Einstein, Relativity, and the Expanding Universe

by Amir D. Aczel

Pub Date: Oct. 4th, 1999
ISBN: 1-56858-139-4

In 1912, Albert Einstein wrote down an equation that describes the structure of the universe. But even he didn—t recognize its full meaning. Aczel (Probability 1, 1998, etc.) has made a career of explaining the frontiers of mathematics. Here he tackles Einstein’s field equation of general relativity not only in the context of modern physics, but in the history of mathematics. When Einstein began to incorporate gravity into his theories, he realized that it must have certain effects on light. In particular, light leaving a massive object would be red-shifted; its frequency would become longer, as if the object were moving away. Space was curved, and that curvature could be described in terms of non-Euclidean geometry—built on alterations of Euclid’s fifth postulate, which after trying unsuccessfully to prove for two millennia, mathematicians decided to treat as an arbitrary and unprovable assumption.

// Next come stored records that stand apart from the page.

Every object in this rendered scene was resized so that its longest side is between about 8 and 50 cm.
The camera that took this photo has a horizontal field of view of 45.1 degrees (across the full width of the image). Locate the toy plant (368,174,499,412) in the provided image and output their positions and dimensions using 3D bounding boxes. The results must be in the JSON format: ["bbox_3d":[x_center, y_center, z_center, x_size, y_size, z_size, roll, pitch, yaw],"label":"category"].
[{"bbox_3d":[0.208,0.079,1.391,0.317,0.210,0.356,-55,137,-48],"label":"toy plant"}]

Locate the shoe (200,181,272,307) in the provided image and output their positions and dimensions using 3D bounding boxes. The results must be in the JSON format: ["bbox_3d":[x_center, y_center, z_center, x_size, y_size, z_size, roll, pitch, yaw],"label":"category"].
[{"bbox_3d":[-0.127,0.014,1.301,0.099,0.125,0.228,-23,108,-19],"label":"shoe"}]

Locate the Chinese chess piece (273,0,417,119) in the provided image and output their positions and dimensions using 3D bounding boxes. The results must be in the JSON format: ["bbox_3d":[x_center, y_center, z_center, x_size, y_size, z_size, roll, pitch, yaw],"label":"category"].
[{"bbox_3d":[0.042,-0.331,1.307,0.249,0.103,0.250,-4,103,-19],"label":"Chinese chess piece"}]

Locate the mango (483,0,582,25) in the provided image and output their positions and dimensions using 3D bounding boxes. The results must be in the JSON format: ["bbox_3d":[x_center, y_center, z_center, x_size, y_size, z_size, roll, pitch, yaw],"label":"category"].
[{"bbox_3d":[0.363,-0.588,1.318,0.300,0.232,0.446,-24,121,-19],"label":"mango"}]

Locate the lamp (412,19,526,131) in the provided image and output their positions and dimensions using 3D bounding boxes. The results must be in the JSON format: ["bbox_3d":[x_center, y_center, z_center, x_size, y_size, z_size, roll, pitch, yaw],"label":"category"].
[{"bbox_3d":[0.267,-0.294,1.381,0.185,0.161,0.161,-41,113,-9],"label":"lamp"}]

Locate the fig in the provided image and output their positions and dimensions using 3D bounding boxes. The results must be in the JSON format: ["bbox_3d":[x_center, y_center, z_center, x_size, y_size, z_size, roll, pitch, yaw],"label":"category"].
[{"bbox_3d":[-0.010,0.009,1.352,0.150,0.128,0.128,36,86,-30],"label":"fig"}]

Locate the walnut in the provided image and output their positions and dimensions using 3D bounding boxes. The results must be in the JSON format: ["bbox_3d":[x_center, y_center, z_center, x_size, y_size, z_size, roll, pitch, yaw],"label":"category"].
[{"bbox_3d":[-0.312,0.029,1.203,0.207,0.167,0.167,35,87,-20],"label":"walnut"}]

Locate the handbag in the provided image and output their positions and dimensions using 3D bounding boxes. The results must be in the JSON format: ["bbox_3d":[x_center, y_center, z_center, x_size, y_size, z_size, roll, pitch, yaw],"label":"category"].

The curvature of space and its effect on light made possible experimental verifications of relativity: for example, the positions of stars seen near the sun in an eclipse should differ from their positions when the sun was in another part of the sky. In 1919, a British expedition led by Arthur Eddington measured those star positions and proved Einstein’s theories correct. Meanwhile, Einstein had been exploring the cosmological implications of his theory, in particular the question of whether the universe expands, contracts, or remains the same size. Here, for the first time, he did not believe his own calculations and felt it necessary to add a “cosmological constant” to his field equation—a fudge factor he later described as his greatest blunder when astronomers demonstrated that the universe was in fact expanding. More recent theorists suspect that the cosmological constant was needed, after all—but until another Einstein comes along, the field equation remains the closest thing we have to a divine blueprint for the universe. While the actual math is heavy going, Aczel gives a very readable account of the science and the scientists involved.